Posted by Andy Carroll in : News, general , trackback

Norine Rouse, one of the America’s first female scuba diving instructors and a champion of sea turtle and reef protection off Palm Beach County’s shores, died Tuesday, reports the Bradenton Herald.

Mrs. Rouse, who didn’t start scuba diving until into her 40’s, became one of the area’s underwater pioneers and a sought-after expert on sea life, becoming known as the ‘turtle’ lady. She was one of a handful of people licensed by the state of Florida to swim with sea turtles and would steadfastly record and photograph their behavior for scientists’ use.

“She loved sea turtles more than people,” said J.D. Duff of the Scuba Club Inc. Duff met Mrs. Rouse in 1977, while in college, and she later hired him to his current job.


She was born in Savannah, Ga., the only child of a housewife and mechanic, on May 9, 1925. After 20 years of marriage, she divorced and took up scuba diving after watching a Jacques Cousteau film. In 1966, Mrs. Rouse moved to Freeport, Bahamas, with $125 she had won on a television game show and became a scuba diving instructor there.

“They hired me to show even a woman could do it,” Mrs. Rouse said in a 2000 interview.

During a 1981 excursion in the Sea of Cortez, she rode a manta ray for the 18 most thrilling minutes of her life, she said. Later that year, she was paralyzed from the waist down from the bends, also known as decompression sickness, a condition afflicting divers who surface too rapidly. Doctors told her to give up diving, but she continued scuba diving for rehabilitation. She was walking on her own after several months.
Mrs. Rouse admitted to being the type of scuba diver who liked to stay down until the last few breaths of air remained in her tank. She always wanted to spend as much time as possible scuba diving.

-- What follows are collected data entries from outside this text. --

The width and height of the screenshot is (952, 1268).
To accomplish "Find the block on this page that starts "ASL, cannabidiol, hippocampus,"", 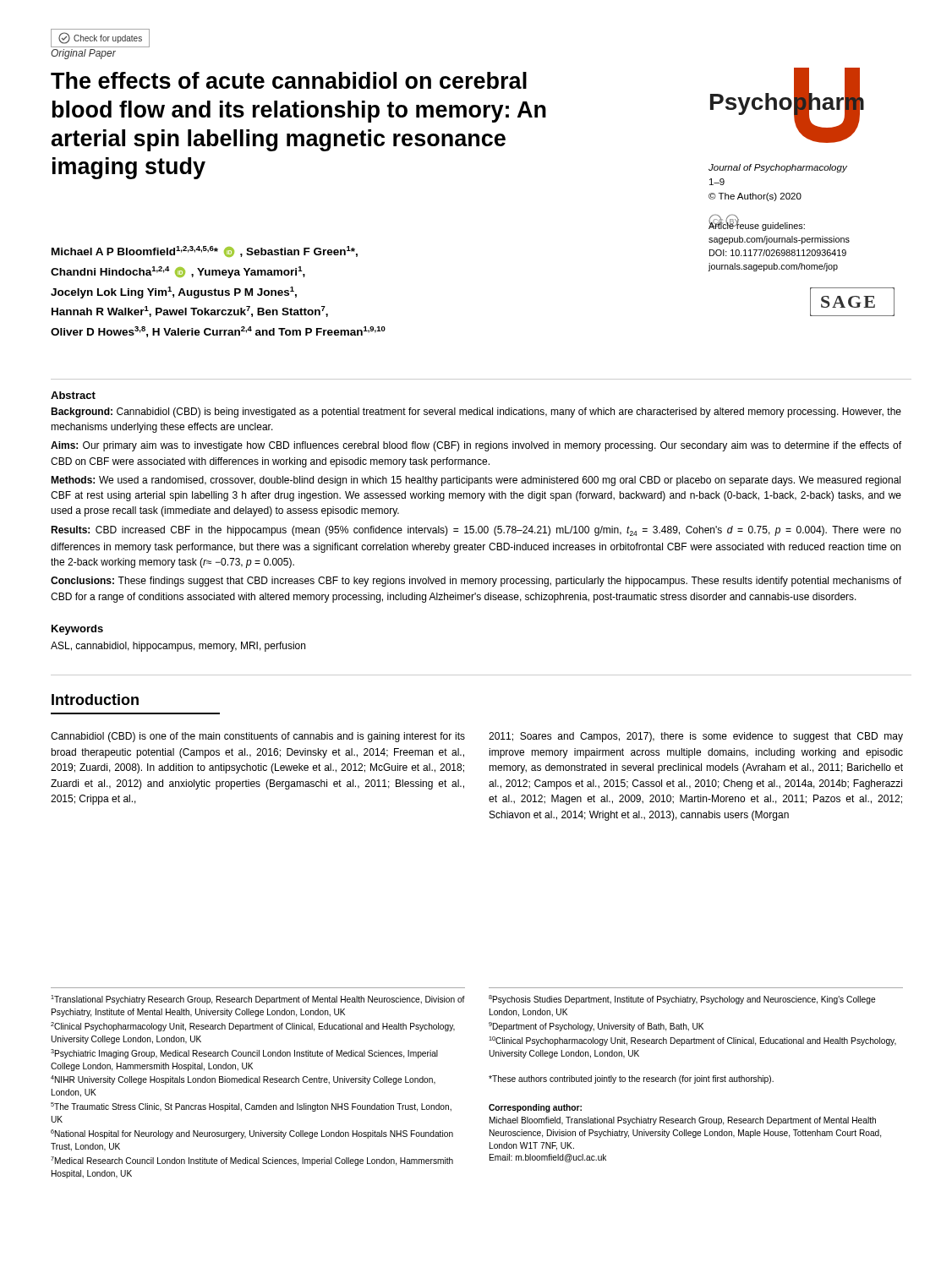I will point(178,646).
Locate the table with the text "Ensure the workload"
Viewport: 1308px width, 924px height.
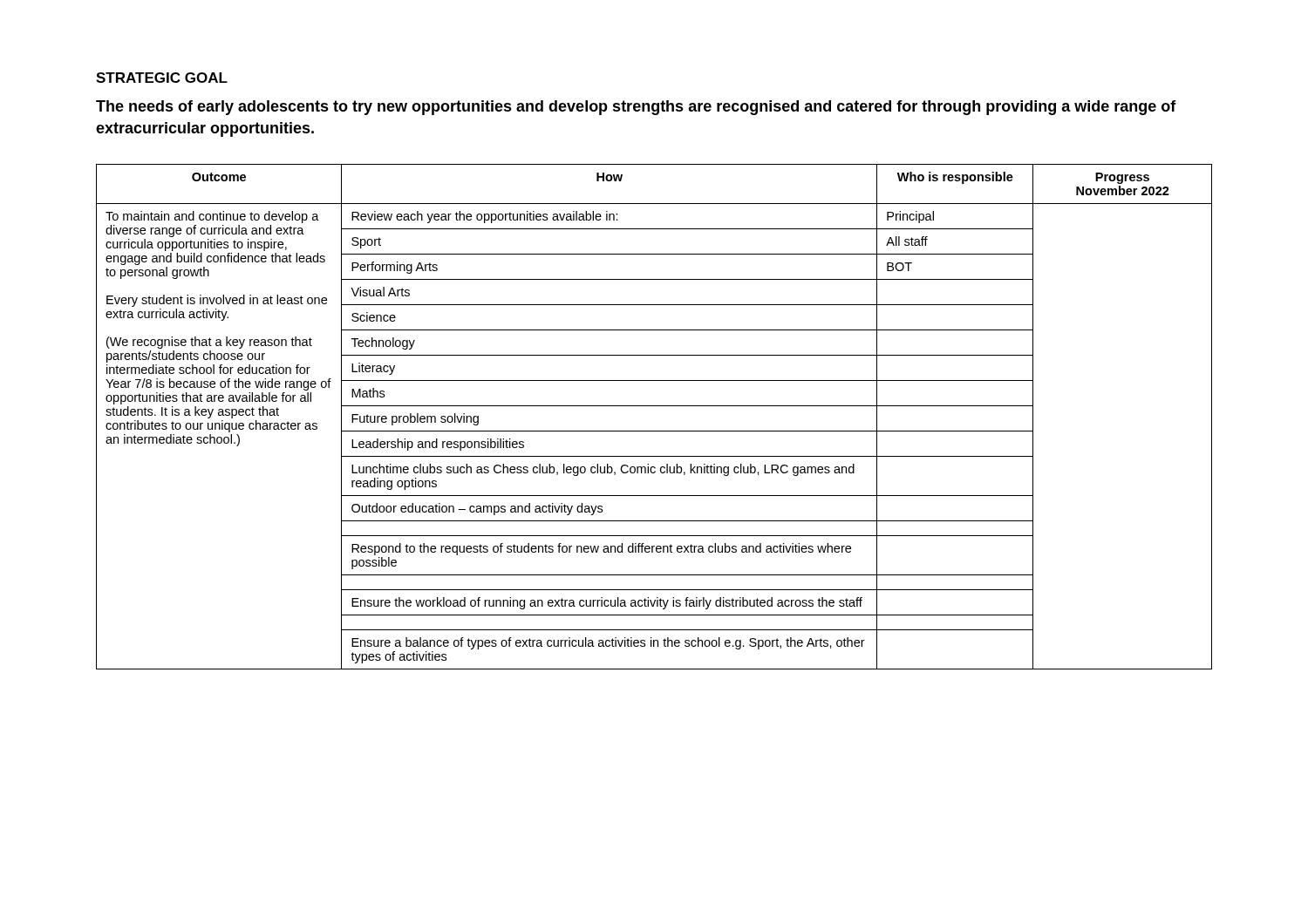coord(654,417)
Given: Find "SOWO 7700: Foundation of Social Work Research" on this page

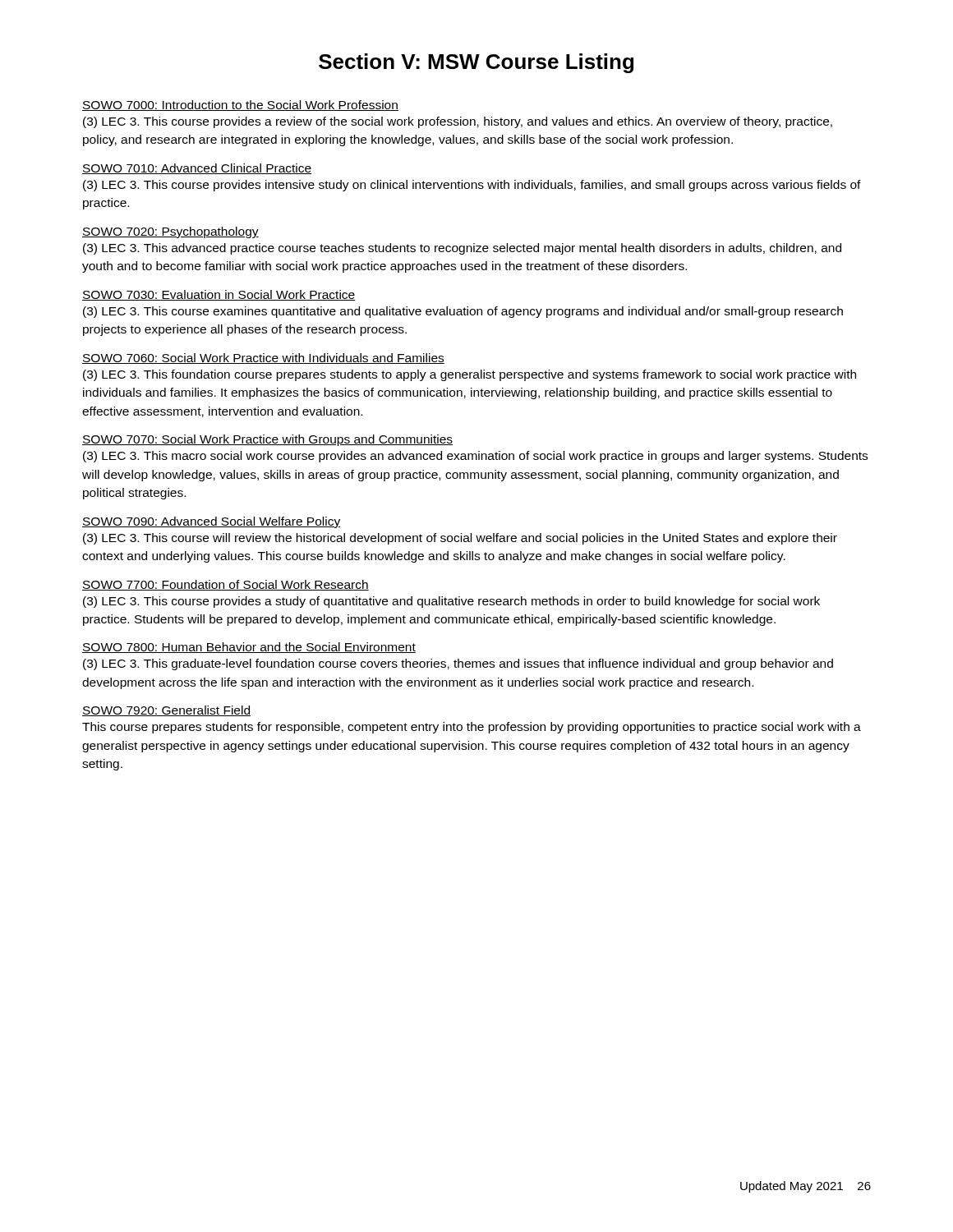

She hated spearfishing and campaigned against it by either giving free dives in exchange for a spear gun, or by more direct methods. Her zeal grew to mythic proportions. Accounts circulated about her skewering fishermen’s fins with their own spears and pulling the mask off of one fisherman underwater. She said those stories were not true. She recorded every dive, stopping at 7,650 in 1995, when the lingering effects of the bends forced her to stay ashore.